2026-06-17

What is speculative decoding?

Speculative decoding is a text-generation trick that lets a fast “draft” model propose several next tokens and then uses a larger “target” model to verify them, often reducing end-to-end latency without changing the final output distribution.

Why it matters

Autoregressive LLMs normally generate one token at a time, and each token requires a full forward pass through the big model. That is accurate, but it can be slow.

Speculative decoding matters when you want lower latency or higher throughput without switching to a smaller, lower-quality model. In practice, it is most useful when:

the target model is expensive to run,
you can afford an extra smaller model alongside it,
and your workload is generation-heavy, such as chat, autocomplete, or code synthesis.

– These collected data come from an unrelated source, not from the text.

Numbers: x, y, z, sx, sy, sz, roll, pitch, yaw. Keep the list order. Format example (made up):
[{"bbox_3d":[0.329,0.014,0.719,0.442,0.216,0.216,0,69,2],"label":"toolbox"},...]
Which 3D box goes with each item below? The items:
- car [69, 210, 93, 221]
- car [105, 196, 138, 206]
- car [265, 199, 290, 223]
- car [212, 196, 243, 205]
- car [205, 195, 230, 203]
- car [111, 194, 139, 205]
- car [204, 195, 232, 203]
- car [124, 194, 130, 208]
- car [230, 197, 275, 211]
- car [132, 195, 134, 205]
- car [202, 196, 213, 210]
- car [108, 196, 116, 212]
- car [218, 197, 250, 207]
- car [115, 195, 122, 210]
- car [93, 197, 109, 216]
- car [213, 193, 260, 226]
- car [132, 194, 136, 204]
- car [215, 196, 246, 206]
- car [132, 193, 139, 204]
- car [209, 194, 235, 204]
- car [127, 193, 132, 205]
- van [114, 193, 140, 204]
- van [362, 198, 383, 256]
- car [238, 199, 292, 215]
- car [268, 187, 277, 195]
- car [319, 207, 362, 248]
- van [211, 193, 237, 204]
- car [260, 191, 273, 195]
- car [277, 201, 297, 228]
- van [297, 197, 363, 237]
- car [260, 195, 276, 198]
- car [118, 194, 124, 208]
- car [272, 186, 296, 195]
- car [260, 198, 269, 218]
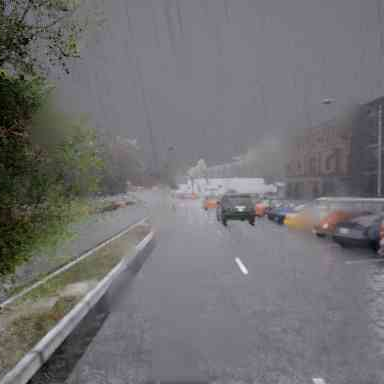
[{"bbox_3d":[-10.536,1.500,25.658,5.008,1.535,2.097,-1,0,-21],"label":"car"},{"bbox_3d":[-12.314,1.500,58.116,5.366,1.575,1.946,-1,0,-24],"label":"car"},{"bbox_3d":[7.733,1.474,22.080,5.008,1.535,2.097,1,0,-21],"label":"car"},{"bbox_3d":[6.215,1.451,58.293,4.892,1.521,2.231,1,0,-25],"label":"car"},{"bbox_3d":[5.315,1.478,70.300,4.792,1.488,2.163,1,0,-26],"label":"car"},{"bbox_3d":[-12.366,1.375,61.156,4.553,1.767,2.185,-1,0,-25],"label":"car"},{"bbox_3d":[5.259,1.440,67.240,5.366,1.575,1.946,1,0,-26],"label":"car"},{"bbox_3d":[-11.324,1.500,43.345,5.366,1.575,1.946,-1,0,-23],"label":"car"},{"bbox_3d":[7.292,1.462,40.198,5.008,1.535,2.097,1,0,-23],"label":"car"},{"bbox_3d":[-11.493,1.540,49.333,4.674,1.452,2.002,-1,0,-23],"label":"car"},{"bbox_3d":[2.499,1.335,42.042,2.097,1.767,4.553,0,0,-3],"label":"car"},{"bbox_3d":[-10.743,1.529,34.561,4.792,1.488,2.163,-1,0,-22],"label":"car"},{"bbox_3d":[6.640,1.494,52.265,4.674,1.452,2.002,1,0,-24],"label":"car"},{"bbox_3d":[-10.874,1.499,37.503,5.008,1.535,2.097,-1,0,-22],"label":"car"},{"bbox_3d":[-10.708,1.530,31.567,4.792,1.488,2.163,-1,0,-21],"label":"car"},{"bbox_3d":[3.024,1.212,23.746,2.150,2.045,5.566,0,0,-1],"label":"car"},{"bbox_3d":[-11.694,1.540,52.287,4.674,1.452,2.002,-1,0,-24],"label":"car"},{"bbox_3d":[6.427,1.492,55.283,4.674,1.452,2.002,1,0,-24],"label":"car"},{"bbox_3d":[-11.747,1.495,55.321,5.366,1.575,1.946,-1,0,-24],"label":"car"},{"bbox_3d":[5.736,1.321,64.325,4.553,1.767,2.185,1,0,-25],"label":"car"},{"bbox_3d":[-11.289,1.374,46.387,4.553,1.767,2.185,-1,0,-23],"label":"car"},{"bbox_3d":[-12.563,1.273,64.144,4.442,1.987,1.878,-1,0,-25],"label":"van"},{"bbox_3d":[7.658,1.252,9.984,4.442,1.987,1.878,1,0,-20],"label":"van"},{"bbox_3d":[7.494,1.465,34.163,5.008,1.535,2.097,1,0,-22],"label":"car"},{"bbox_3d":[19.954,0.158,82.483,2.002,1.452,4.674,-7,4,-30],"label":"car"},{"bbox_3d":[7.788,1.508,13.053,4.792,1.488,2.163,1,0,-20],"label":"car"},{"bbox_3d":[5.864,1.221,61.252,4.442,1.987,1.878,1,0,-25],"label":"van"},{"bbox_3d":[7.130,1.208,43.201,5.566,2.045,2.435,1,0,-23],"label":"car"},{"bbox_3d":[7.917,1.475,19.137,5.366,1.575,1.946,1,0,-20],"label":"car"},{"bbox_3d":[7.651,1.250,16.009,4.442,1.987,1.878,1,0,-20],"label":"van"},{"bbox_3d":[7.619,1.344,28.117,4.553,1.767,2.185,1,0,-21],"label":"car"},{"bbox_3d":[-11.041,1.375,40.454,4.553,1.767,2.185,-1,0,-22],"label":"car"},{"bbox_3d":[22.901,-0.422,83.000,2.435,2.045,5.566,-7,4,-30],"label":"car"},{"bbox_3d":[7.678,1.473,25.098,4.892,1.521,2.231,1,0,-21],"label":"car"}]

It is not a model change so much as a decoding strategy: you keep the same target model, but you change how tokens are proposed and checked.

How it works

The core idea is simple:

A small draft model generates a short candidate continuation, for example a few tokens ahead.
The large target model evaluates those candidates in parallel.
Tokens that the target model would have produced are accepted.
When a candidate token disagrees, the target model samples the correct next token itself and the process repeats.

This works because the target model can often verify multiple tokens in one pass more cheaply than generating them one-by-one. If the draft model is reasonably aligned with the target model, many proposed tokens get accepted, so you save time.

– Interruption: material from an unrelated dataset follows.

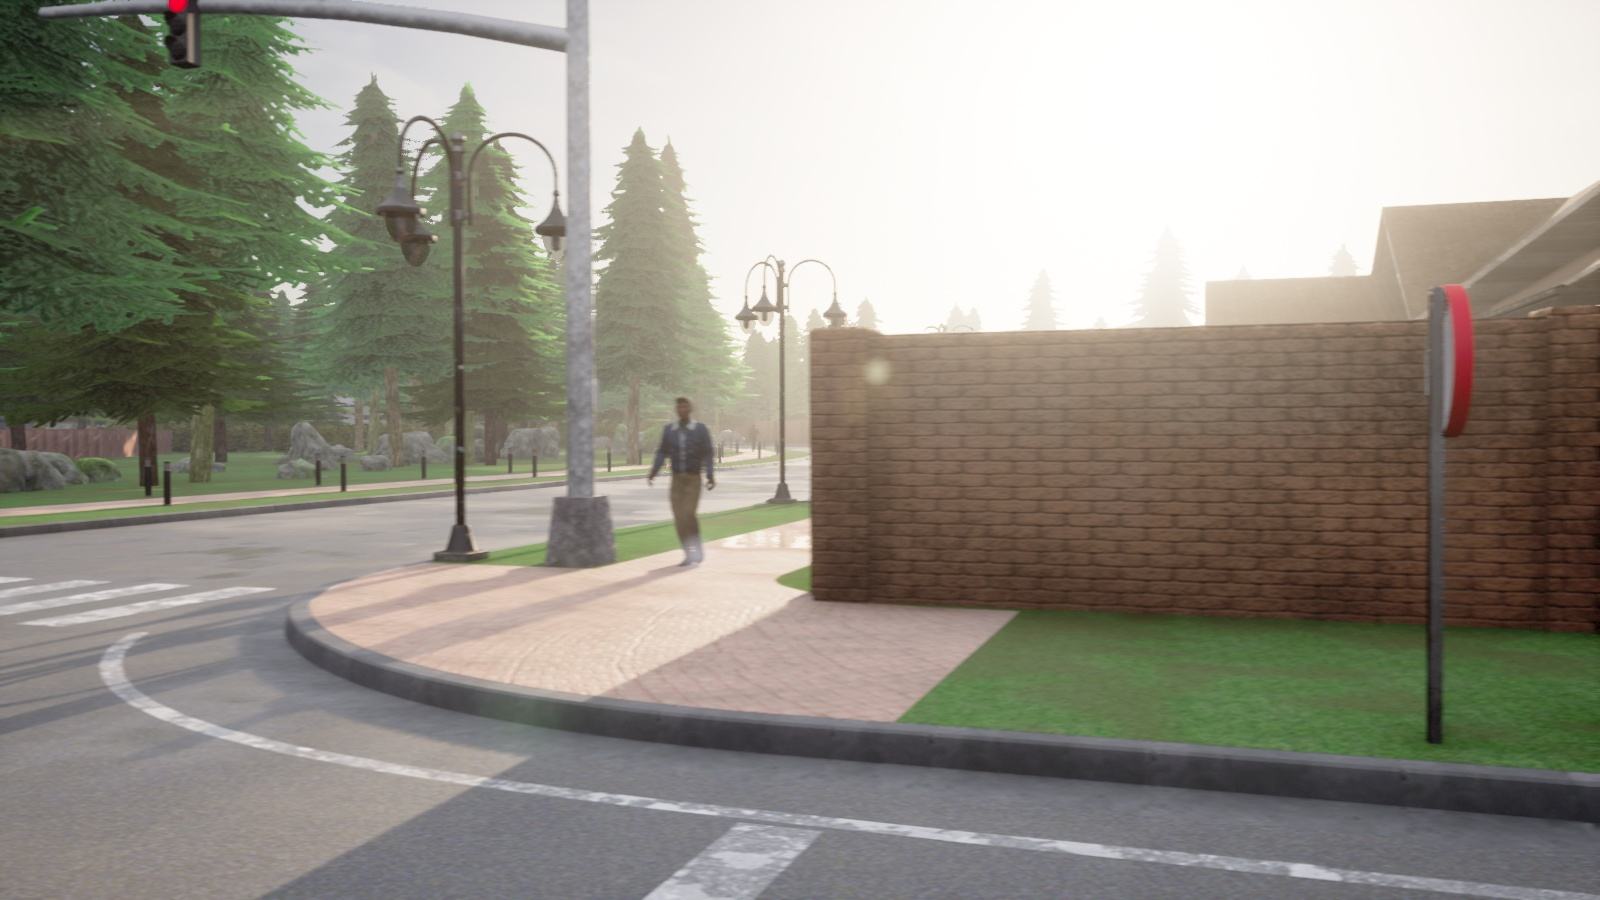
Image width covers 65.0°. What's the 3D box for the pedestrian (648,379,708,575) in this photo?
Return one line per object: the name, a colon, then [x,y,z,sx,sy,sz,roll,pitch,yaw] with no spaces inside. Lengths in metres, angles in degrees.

The important guarantee from the original method is that, when implemented correctly, the final token distribution matches the target model’s distribution. In other words, it speeds up decoding without turning the result into “whatever the small model guessed.”

Tiny concrete example

Suppose the target model would likely continue:

“The capital of France is Paris.”

A draft model proposes:

“The capital of France is Paris and”

The target model checks those proposed tokens. If it agrees through “Paris” but not “and,” it accepts the matching prefix and then samples the next token itself, continuing generation from there.

So the user sees the same kind of output they would have gotten from the target model, but some of the work was done by a cheaper proposer.

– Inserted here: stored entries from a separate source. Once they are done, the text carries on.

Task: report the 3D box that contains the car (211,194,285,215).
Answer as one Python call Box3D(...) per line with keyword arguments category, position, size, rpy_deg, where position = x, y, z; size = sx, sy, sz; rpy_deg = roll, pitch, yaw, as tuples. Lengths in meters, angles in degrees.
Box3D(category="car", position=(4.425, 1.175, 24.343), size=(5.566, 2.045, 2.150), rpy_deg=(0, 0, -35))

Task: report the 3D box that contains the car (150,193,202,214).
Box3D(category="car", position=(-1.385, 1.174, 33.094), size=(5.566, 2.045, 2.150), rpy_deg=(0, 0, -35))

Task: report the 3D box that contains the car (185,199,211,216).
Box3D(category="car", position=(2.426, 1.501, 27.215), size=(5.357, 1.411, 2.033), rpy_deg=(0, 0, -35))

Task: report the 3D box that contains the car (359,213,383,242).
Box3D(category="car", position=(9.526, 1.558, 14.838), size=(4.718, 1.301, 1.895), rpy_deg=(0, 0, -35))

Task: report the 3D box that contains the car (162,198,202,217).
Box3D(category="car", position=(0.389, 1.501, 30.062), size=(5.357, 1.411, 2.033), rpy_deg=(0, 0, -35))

Common pitfalls / when NOT to use it

If the draft model is too weak, acceptance rates drop. Then you pay overhead for little benefit.
It adds system complexity. You need two models or two decoding paths, plus orchestration logic.
It is not a universal speedup. For very small models or very short outputs, the extra verification can outweigh the gains.
It does not fix memory bottlenecks by itself. If your main problem is KV-cache size or batch fragmentation, speculative decoding is not the first lever to pull.
It is sometimes confused with beam search or distillation. Those are different: beam search changes the search strategy; speculative decoding changes how you propose and verify tokens; distillation changes the model itself.

In practice, teams usually try it when they already have a strong serving setup and want more tokens per second without sacrificing output quality.